• What is needed:
Only the lines from the start of the entries through the line with "1/4&quot; = 1'-0&quot;</text>" should be returned, each exactly as it stands, and no pictures.
─── Records to use ───
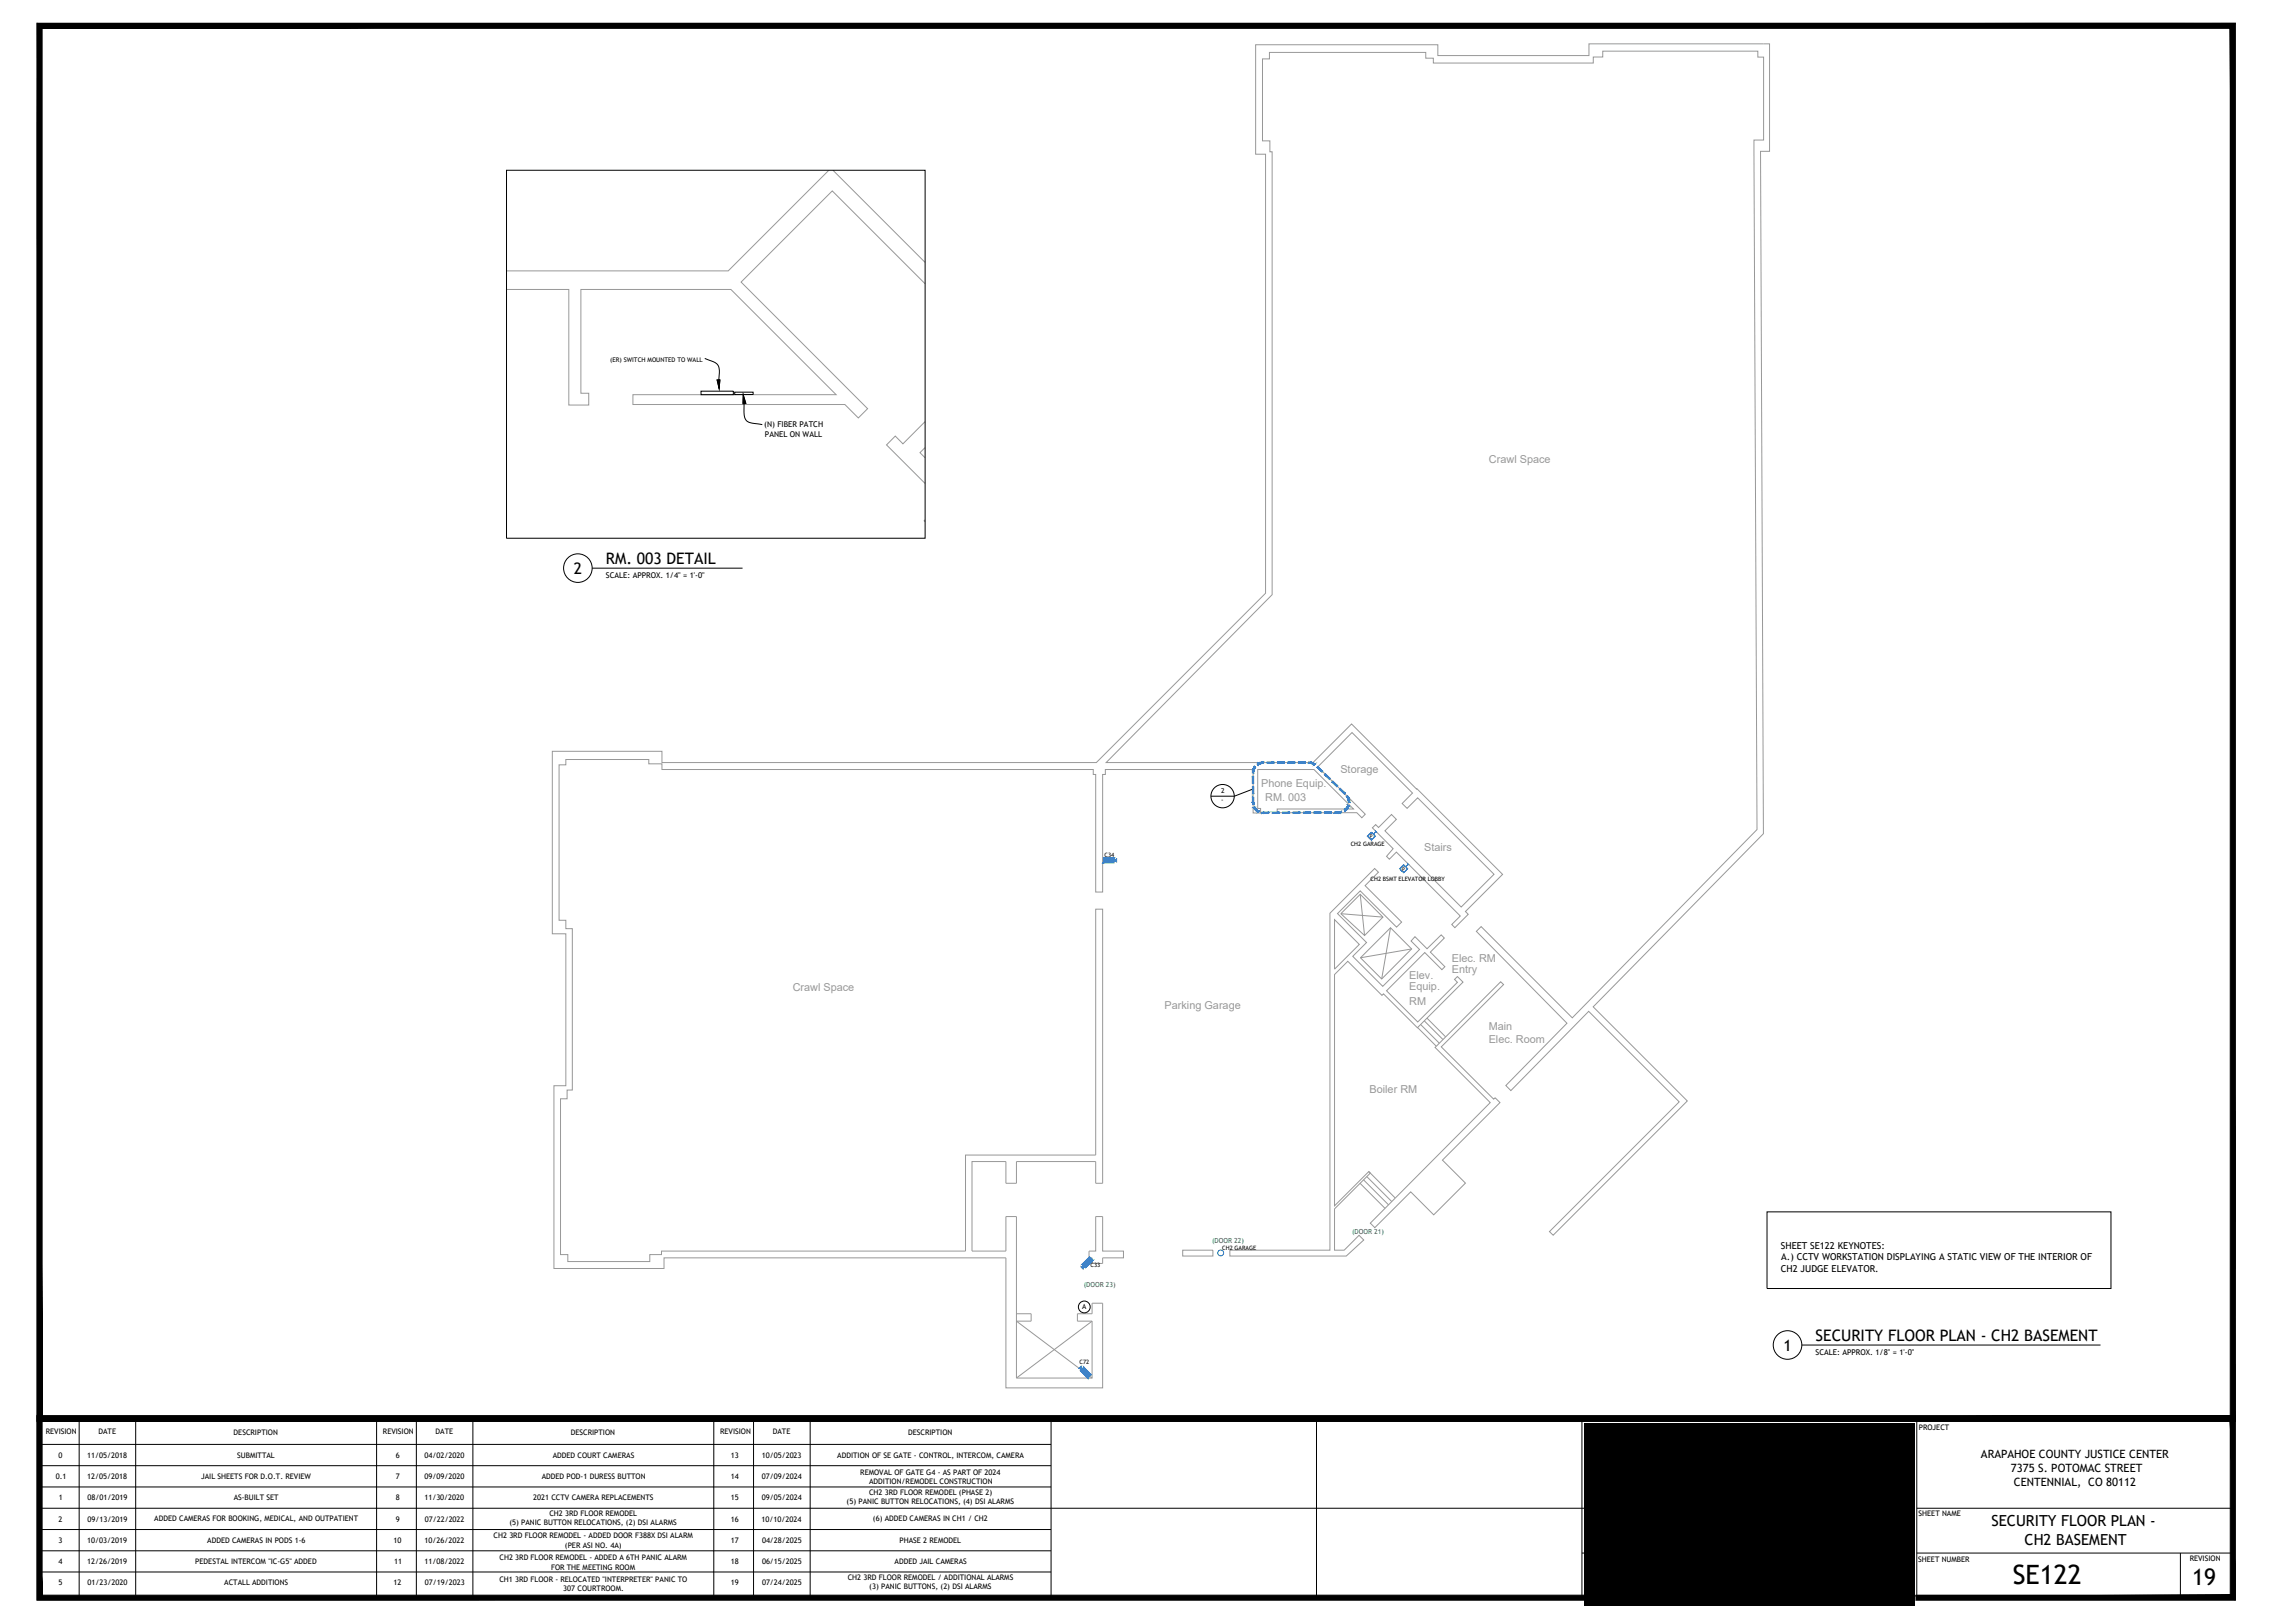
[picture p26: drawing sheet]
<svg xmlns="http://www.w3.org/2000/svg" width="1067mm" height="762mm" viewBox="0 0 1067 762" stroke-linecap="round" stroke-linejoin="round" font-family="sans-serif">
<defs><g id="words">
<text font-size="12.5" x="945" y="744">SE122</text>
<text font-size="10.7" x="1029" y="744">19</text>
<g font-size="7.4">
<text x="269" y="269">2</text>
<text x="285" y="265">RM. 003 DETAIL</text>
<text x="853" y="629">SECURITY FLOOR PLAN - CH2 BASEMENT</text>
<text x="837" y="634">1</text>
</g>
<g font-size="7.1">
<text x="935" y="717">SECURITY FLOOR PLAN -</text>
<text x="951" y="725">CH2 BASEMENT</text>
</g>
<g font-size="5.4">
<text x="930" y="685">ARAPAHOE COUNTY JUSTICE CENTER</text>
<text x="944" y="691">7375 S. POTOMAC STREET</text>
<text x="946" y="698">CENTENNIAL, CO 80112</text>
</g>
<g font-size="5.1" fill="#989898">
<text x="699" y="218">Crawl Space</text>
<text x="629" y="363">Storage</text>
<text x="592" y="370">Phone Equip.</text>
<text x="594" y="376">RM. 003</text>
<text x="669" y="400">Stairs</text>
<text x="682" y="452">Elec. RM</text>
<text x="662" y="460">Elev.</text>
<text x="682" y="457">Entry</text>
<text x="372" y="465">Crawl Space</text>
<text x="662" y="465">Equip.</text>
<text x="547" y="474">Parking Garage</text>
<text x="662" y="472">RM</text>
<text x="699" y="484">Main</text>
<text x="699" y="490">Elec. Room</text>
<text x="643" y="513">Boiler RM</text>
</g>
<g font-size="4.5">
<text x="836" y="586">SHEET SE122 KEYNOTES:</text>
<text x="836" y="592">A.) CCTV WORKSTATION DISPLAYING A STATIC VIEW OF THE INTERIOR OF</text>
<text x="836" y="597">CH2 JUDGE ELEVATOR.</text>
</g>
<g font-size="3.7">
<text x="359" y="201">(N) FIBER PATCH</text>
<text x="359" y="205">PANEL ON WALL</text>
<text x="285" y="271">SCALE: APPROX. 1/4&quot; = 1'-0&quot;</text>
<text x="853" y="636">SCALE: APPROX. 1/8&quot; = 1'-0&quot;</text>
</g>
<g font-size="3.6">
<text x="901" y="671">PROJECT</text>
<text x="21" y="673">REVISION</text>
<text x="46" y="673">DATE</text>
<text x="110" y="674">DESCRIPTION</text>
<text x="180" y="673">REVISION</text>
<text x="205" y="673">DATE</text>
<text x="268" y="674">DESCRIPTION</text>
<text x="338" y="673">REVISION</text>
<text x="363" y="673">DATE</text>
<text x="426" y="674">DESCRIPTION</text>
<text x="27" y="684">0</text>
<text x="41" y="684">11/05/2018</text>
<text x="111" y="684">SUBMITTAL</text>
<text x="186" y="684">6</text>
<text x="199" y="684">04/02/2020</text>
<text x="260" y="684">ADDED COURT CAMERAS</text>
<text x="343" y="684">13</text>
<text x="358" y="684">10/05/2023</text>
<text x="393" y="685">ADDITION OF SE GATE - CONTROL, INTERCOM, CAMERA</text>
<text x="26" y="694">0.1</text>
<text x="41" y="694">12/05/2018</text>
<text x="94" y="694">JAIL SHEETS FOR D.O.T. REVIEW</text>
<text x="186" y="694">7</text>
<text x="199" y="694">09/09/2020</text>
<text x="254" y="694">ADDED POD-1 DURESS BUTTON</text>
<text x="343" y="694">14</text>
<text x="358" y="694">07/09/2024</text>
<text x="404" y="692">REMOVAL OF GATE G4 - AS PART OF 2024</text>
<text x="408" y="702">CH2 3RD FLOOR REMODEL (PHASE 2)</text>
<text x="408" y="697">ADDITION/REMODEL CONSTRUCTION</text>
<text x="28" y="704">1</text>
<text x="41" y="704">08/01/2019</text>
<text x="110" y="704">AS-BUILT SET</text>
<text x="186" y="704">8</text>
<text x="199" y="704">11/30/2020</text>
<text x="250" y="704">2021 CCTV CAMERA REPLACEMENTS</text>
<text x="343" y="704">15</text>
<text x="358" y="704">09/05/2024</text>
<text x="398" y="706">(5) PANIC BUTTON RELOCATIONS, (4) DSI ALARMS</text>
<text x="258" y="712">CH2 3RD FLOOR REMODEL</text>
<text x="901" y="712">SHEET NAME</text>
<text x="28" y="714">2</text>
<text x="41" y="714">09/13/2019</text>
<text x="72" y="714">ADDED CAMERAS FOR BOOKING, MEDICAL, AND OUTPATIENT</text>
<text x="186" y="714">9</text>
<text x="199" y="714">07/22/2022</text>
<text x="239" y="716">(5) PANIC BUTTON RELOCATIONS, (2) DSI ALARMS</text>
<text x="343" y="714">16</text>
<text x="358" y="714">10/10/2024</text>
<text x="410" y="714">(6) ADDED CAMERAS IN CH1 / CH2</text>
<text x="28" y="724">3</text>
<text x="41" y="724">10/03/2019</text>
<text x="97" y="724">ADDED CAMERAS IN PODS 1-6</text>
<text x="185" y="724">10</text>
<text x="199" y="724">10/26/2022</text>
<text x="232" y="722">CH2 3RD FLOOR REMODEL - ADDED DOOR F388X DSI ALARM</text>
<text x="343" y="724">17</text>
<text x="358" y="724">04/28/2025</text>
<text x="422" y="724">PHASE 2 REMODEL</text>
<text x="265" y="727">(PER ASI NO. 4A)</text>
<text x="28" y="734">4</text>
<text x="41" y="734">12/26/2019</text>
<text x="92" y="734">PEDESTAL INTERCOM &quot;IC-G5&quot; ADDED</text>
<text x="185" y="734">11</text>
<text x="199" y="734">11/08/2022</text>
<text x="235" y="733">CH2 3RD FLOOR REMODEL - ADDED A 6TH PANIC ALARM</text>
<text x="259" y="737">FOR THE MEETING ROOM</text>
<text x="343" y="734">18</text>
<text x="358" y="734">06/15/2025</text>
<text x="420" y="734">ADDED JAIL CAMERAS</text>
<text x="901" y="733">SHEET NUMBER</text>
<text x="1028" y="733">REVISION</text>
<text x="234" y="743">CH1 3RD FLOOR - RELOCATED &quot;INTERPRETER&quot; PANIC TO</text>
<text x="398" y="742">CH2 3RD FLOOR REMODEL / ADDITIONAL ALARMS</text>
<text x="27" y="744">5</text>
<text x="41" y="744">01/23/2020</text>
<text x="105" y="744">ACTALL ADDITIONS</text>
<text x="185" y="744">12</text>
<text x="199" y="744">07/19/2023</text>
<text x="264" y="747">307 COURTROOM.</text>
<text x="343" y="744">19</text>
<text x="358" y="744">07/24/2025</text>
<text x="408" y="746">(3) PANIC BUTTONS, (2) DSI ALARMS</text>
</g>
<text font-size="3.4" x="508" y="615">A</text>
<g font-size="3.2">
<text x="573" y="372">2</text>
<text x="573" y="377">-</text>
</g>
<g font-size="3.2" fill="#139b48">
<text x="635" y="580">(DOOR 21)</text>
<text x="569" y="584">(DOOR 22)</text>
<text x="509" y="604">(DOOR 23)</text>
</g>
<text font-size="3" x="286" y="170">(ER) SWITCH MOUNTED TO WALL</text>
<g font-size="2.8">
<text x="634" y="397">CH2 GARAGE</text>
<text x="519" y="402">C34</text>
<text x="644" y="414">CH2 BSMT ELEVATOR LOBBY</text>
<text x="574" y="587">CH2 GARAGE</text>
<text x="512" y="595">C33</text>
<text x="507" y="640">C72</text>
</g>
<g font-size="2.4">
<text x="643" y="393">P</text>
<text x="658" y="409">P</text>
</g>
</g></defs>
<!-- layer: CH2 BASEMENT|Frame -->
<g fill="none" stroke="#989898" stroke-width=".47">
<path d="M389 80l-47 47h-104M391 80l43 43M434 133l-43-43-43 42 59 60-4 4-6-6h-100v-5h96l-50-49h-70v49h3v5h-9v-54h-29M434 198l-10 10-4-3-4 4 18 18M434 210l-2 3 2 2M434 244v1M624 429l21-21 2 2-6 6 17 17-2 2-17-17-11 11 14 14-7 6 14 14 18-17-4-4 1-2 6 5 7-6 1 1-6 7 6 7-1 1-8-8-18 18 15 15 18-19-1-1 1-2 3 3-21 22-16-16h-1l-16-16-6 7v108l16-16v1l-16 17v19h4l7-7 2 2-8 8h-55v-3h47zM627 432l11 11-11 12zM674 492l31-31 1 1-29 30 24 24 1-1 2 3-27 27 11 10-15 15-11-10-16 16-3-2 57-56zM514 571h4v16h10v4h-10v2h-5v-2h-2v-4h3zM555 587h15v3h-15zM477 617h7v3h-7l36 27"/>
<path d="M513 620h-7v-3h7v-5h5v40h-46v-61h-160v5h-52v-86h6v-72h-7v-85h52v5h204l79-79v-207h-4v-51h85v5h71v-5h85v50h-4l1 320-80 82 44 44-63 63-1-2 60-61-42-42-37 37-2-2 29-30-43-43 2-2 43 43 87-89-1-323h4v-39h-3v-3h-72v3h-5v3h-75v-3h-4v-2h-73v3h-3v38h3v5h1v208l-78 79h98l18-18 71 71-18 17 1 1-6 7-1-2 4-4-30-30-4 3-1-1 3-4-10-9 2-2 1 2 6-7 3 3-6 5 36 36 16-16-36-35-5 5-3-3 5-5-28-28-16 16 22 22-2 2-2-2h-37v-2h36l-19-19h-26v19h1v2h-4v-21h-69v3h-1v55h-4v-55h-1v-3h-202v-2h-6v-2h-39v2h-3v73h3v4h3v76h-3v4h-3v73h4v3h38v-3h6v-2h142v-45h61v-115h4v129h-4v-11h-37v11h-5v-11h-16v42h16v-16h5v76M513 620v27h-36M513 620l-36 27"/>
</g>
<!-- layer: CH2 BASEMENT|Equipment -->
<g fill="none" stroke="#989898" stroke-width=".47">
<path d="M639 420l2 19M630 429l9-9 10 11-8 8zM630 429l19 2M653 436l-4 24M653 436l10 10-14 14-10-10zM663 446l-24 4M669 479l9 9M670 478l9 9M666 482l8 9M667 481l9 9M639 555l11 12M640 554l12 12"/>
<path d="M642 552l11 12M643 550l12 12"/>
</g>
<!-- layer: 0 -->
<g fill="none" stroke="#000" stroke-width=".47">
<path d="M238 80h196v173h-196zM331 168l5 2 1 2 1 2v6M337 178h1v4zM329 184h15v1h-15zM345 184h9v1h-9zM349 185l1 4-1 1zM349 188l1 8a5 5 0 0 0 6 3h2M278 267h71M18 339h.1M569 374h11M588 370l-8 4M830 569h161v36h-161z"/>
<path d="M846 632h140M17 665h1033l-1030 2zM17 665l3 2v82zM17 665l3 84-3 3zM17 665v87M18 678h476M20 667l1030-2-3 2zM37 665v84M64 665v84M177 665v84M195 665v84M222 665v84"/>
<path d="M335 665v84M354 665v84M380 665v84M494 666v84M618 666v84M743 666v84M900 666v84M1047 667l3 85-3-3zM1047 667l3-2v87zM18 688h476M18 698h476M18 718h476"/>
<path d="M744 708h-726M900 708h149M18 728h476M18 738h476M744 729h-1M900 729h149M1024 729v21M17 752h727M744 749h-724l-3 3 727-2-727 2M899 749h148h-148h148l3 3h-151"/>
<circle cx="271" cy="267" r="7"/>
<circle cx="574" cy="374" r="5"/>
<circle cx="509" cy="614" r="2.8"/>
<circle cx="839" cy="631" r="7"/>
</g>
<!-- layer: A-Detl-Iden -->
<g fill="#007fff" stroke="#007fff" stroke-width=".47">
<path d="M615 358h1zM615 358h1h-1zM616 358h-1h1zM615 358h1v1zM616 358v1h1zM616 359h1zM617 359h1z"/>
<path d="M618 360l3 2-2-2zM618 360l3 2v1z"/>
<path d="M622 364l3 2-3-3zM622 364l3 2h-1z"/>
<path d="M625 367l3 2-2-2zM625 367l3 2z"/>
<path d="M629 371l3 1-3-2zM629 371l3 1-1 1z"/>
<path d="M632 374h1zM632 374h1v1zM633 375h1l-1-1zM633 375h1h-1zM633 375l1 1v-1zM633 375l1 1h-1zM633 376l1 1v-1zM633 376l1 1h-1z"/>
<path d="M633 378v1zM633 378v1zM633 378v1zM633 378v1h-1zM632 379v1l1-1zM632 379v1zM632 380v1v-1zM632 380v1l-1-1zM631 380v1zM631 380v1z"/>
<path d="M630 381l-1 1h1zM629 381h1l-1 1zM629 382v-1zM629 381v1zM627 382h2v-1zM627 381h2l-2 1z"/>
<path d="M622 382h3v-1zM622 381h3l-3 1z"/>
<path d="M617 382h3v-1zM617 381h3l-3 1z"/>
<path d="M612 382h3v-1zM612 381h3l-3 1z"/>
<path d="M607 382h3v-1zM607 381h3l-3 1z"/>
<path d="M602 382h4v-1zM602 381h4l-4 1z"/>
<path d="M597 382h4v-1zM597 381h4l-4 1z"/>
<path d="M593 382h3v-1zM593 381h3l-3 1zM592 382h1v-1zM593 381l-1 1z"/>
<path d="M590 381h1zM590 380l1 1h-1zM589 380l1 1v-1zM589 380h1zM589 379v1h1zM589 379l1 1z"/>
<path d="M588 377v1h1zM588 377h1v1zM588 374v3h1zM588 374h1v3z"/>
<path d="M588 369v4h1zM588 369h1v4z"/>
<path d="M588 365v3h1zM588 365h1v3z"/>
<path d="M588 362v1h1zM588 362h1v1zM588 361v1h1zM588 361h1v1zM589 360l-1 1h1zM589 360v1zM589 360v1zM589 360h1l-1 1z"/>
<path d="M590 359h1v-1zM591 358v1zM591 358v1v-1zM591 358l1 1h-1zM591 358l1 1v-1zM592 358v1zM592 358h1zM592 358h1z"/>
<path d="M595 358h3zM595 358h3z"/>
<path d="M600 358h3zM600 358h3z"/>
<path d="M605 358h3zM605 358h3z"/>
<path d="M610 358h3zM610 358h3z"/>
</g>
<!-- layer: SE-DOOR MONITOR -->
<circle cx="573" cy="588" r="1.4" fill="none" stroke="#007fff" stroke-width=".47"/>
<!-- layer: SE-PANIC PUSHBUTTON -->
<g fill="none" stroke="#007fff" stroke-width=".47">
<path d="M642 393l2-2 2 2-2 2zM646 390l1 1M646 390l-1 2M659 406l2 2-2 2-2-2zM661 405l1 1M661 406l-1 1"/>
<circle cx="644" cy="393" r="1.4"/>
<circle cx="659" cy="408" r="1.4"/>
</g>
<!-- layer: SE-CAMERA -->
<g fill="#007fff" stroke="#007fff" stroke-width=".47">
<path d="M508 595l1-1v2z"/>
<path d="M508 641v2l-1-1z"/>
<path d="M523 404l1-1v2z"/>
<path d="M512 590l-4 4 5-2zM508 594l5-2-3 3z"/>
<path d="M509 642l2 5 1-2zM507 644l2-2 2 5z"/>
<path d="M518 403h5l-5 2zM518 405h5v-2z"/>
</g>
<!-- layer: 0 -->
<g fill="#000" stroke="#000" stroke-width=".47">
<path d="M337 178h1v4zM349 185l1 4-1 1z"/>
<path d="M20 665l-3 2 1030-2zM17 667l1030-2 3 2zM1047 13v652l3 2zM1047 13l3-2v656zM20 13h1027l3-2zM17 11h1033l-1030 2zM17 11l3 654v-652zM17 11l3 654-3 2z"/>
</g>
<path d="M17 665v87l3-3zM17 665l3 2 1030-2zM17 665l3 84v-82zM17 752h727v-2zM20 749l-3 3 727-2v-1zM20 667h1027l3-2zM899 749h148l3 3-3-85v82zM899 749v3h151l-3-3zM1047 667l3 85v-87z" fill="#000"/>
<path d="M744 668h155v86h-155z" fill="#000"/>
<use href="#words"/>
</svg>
───
• Task response:
[picture p26: drawing sheet]
<svg xmlns="http://www.w3.org/2000/svg" width="1067mm" height="762mm" viewBox="0 0 1067 762" stroke-linecap="round" stroke-linejoin="round" font-family="sans-serif">
<defs><g id="words">
<text font-size="12.5" x="945" y="744">SE122</text>
<text font-size="10.7" x="1029" y="744">19</text>
<g font-size="7.4">
<text x="269" y="269">2</text>
<text x="285" y="265">RM. 003 DETAIL</text>
<text x="853" y="629">SECURITY FLOOR PLAN - CH2 BASEMENT</text>
<text x="837" y="634">1</text>
</g>
<g font-size="7.1">
<text x="935" y="717">SECURITY FLOOR PLAN -</text>
<text x="951" y="725">CH2 BASEMENT</text>
</g>
<g font-size="5.4">
<text x="930" y="685">ARAPAHOE COUNTY JUSTICE CENTER</text>
<text x="944" y="691">7375 S. POTOMAC STREET</text>
<text x="946" y="698">CENTENNIAL, CO 80112</text>
</g>
<g font-size="5.1" fill="#989898">
<text x="699" y="218">Crawl Space</text>
<text x="629" y="363">Storage</text>
<text x="592" y="370">Phone Equip.</text>
<text x="594" y="376">RM. 003</text>
<text x="669" y="400">Stairs</text>
<text x="682" y="452">Elec. RM</text>
<text x="662" y="460">Elev.</text>
<text x="682" y="457">Entry</text>
<text x="372" y="465">Crawl Space</text>
<text x="662" y="465">Equip.</text>
<text x="547" y="474">Parking Garage</text>
<text x="662" y="472">RM</text>
<text x="699" y="484">Main</text>
<text x="699" y="490">Elec. Room</text>
<text x="643" y="513">Boiler RM</text>
</g>
<g font-size="4.5">
<text x="836" y="586">SHEET SE122 KEYNOTES:</text>
<text x="836" y="592">A.) CCTV WORKSTATION DISPLAYING A STATIC VIEW OF THE INTERIOR OF</text>
<text x="836" y="597">CH2 JUDGE ELEVATOR.</text>
</g>
<g font-size="3.7">
<text x="359" y="201">(N) FIBER PATCH</text>
<text x="359" y="205">PANEL ON WALL</text>
<text x="285" y="271">SCALE: APPROX. 1/4&quot; = 1'-0&quot;</text>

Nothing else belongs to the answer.